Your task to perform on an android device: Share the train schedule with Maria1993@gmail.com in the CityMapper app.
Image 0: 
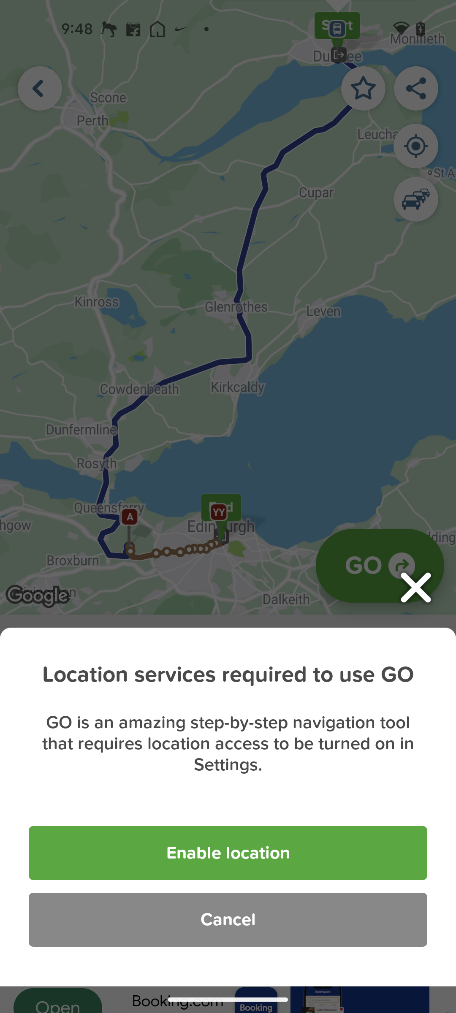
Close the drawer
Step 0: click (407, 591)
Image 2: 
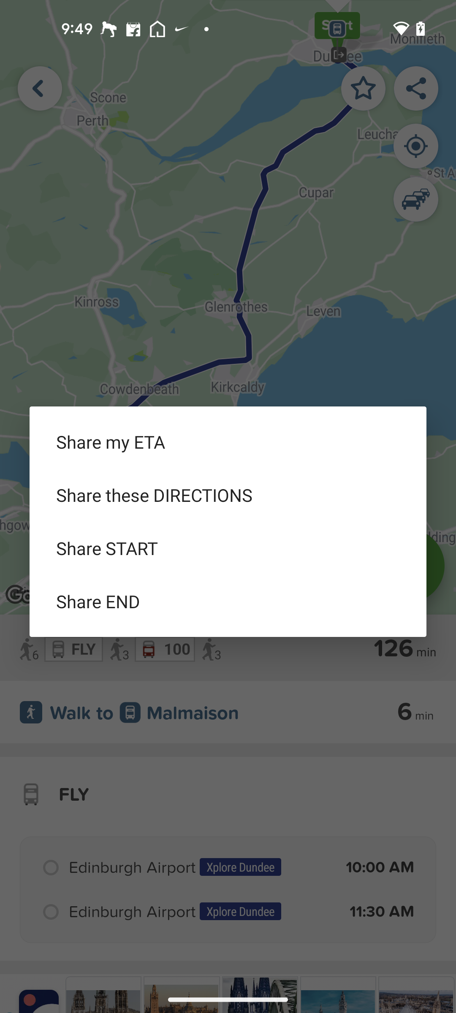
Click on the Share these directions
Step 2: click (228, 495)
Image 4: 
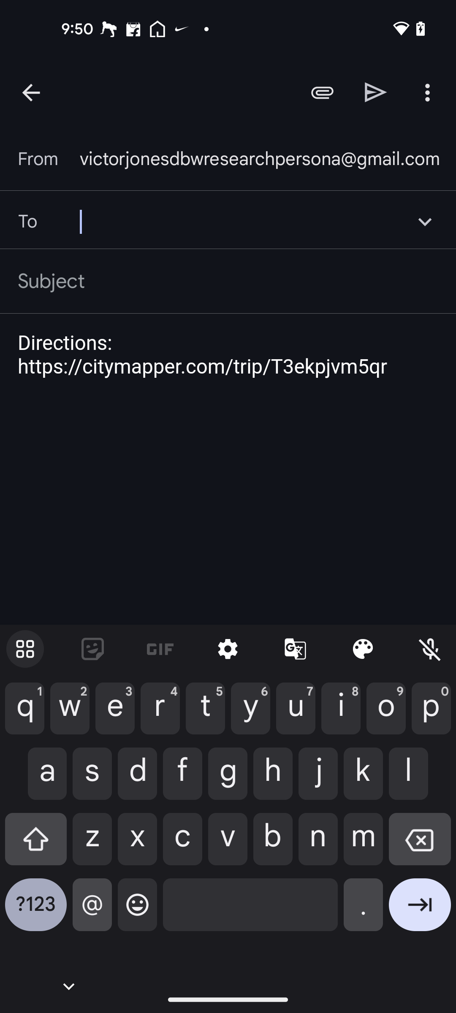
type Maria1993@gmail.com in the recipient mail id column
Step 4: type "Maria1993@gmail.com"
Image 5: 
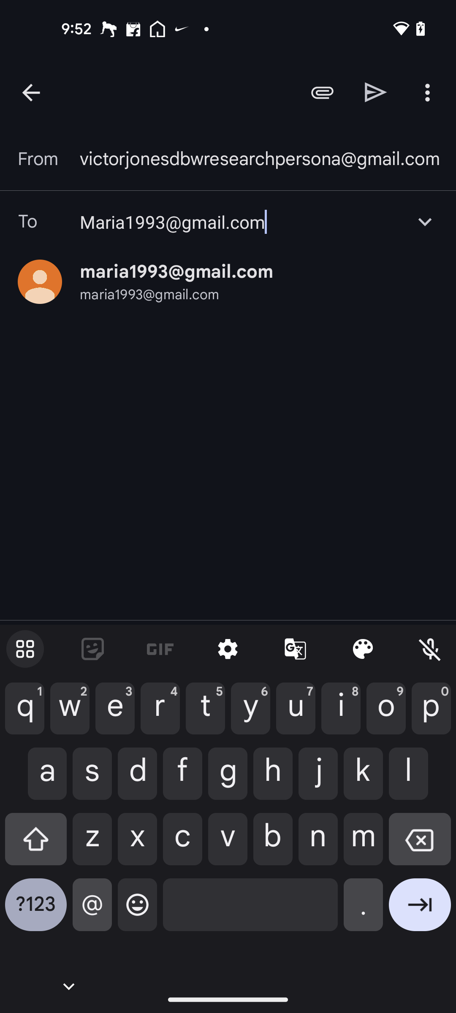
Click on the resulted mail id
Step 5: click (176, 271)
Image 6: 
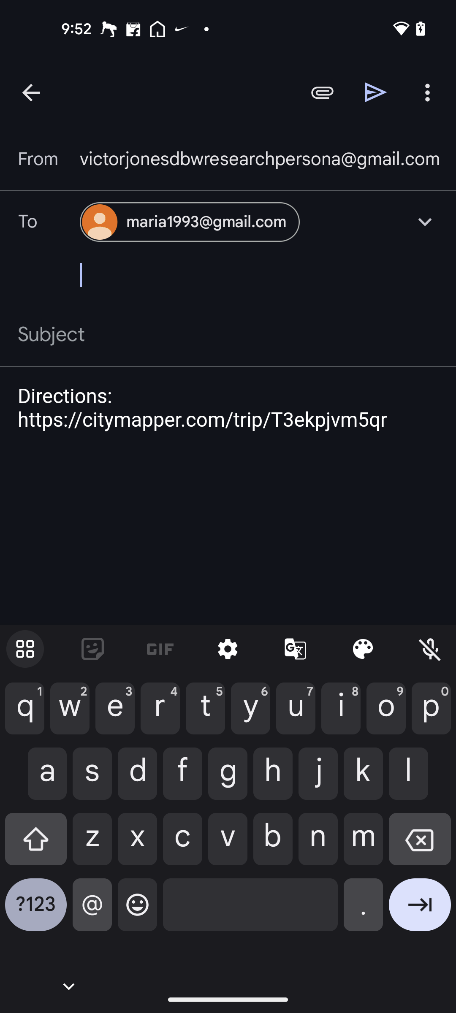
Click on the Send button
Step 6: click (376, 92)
+++
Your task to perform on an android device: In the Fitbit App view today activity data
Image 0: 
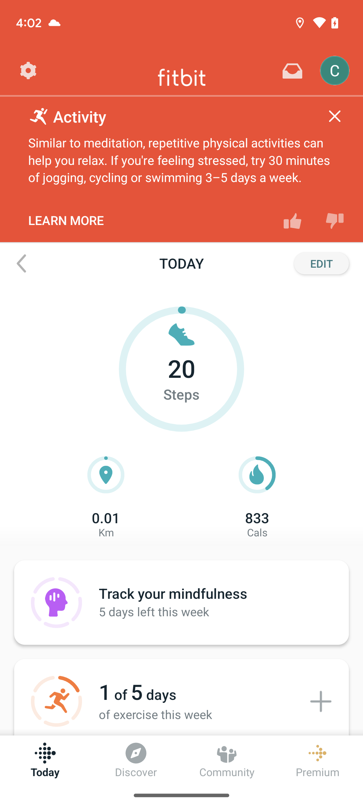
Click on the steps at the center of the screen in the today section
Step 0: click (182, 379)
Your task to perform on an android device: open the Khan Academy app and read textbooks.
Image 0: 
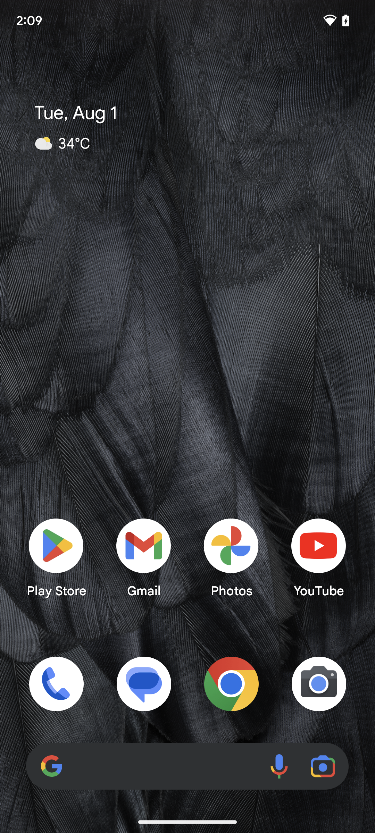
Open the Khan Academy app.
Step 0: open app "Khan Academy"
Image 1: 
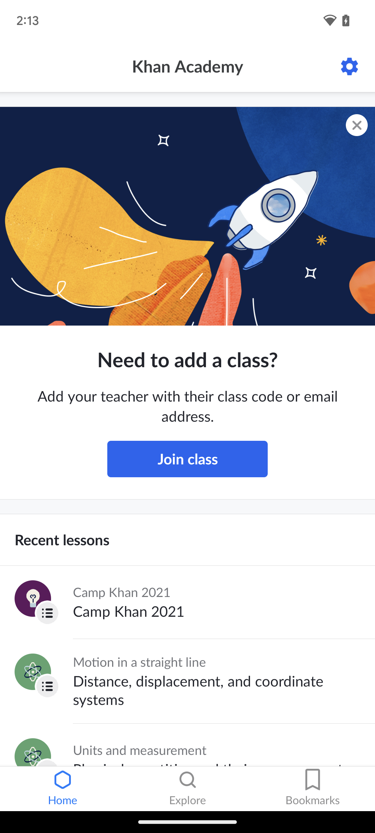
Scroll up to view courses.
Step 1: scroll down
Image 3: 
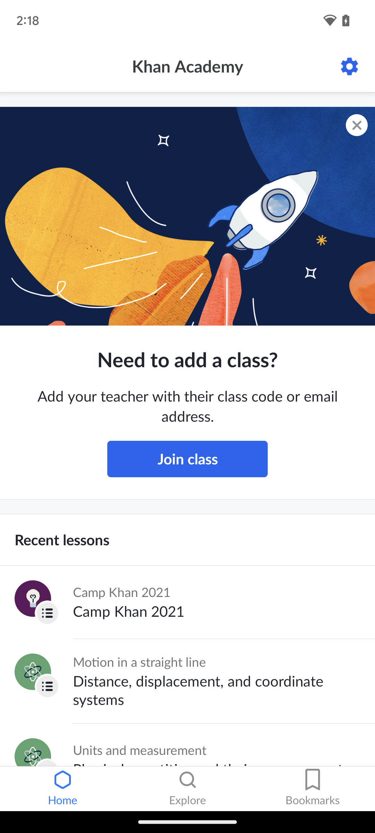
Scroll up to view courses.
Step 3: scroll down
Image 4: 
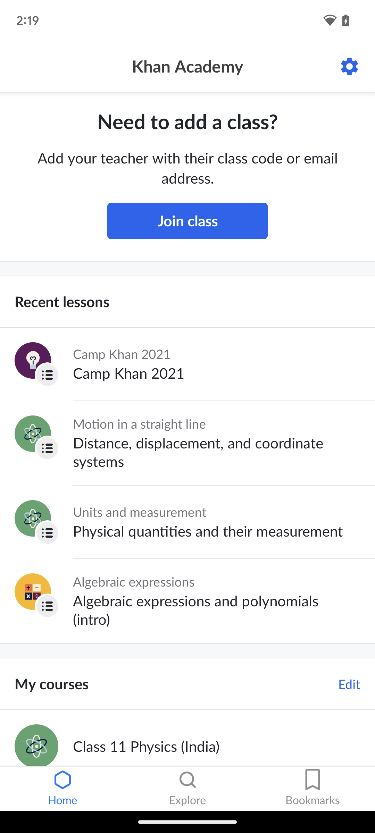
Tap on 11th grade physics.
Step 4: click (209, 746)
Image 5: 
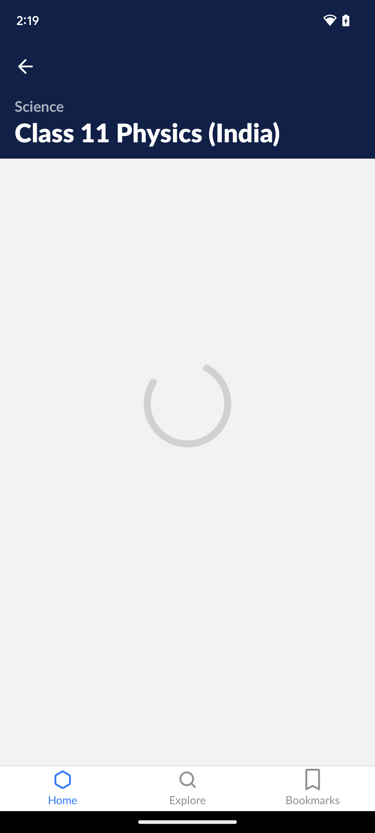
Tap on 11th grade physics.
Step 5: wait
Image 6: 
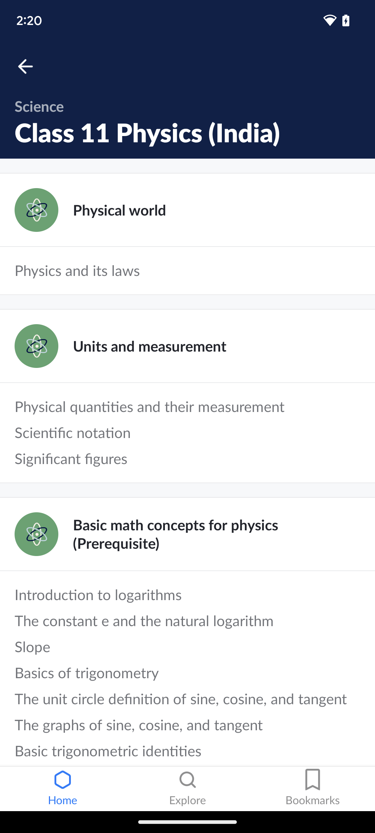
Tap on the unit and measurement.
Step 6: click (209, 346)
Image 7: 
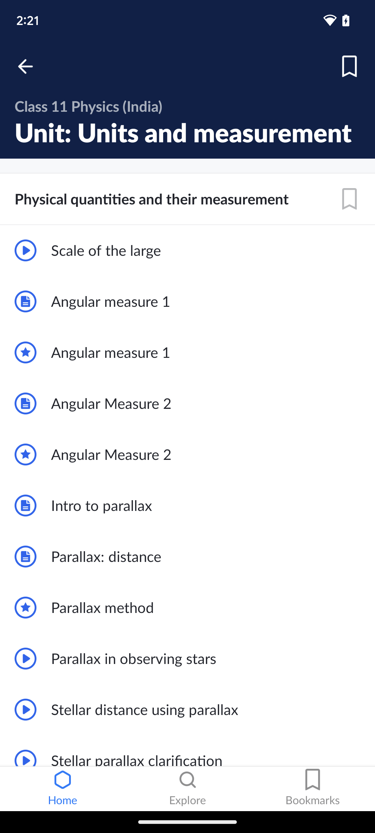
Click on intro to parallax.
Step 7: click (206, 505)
+++
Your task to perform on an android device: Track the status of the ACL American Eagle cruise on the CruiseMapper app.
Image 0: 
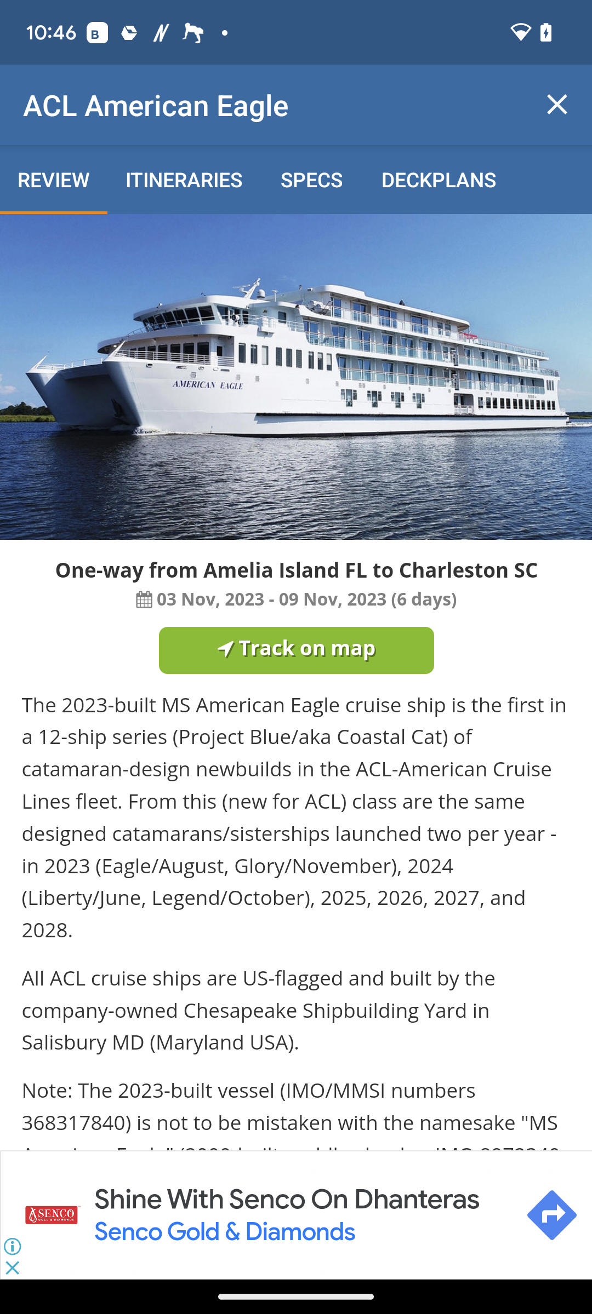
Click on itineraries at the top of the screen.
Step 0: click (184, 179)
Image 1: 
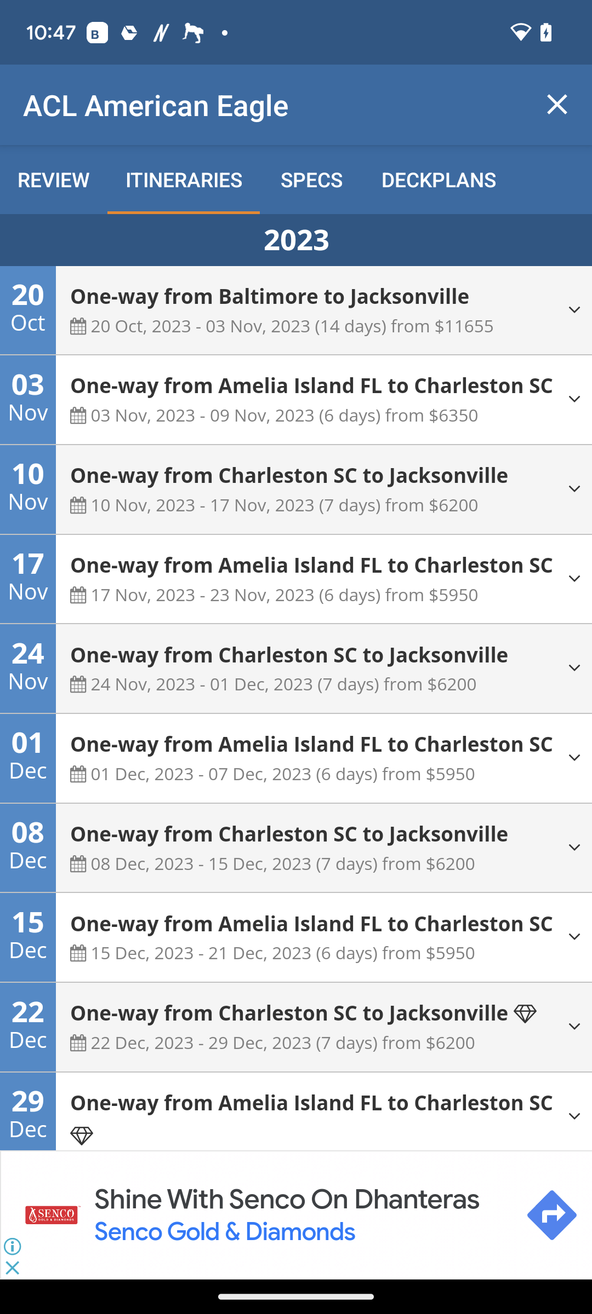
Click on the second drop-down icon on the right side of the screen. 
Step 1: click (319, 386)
+++
Exercise: Among the lines of the preceding data, which ones hold the word "device"? List them.

Response area:
Your task to perform on an android device: Share the train schedule with Maria1993@gmail.com in the CityMapper app.
Your task to perform on an android device: In the Fitbit App view today activity data
Your task to perform on an android device: open the Khan Academy app and read textbooks.
Your task to perform on an android device: Track the status of the ACL American Eagle cruise on the CruiseMapper app.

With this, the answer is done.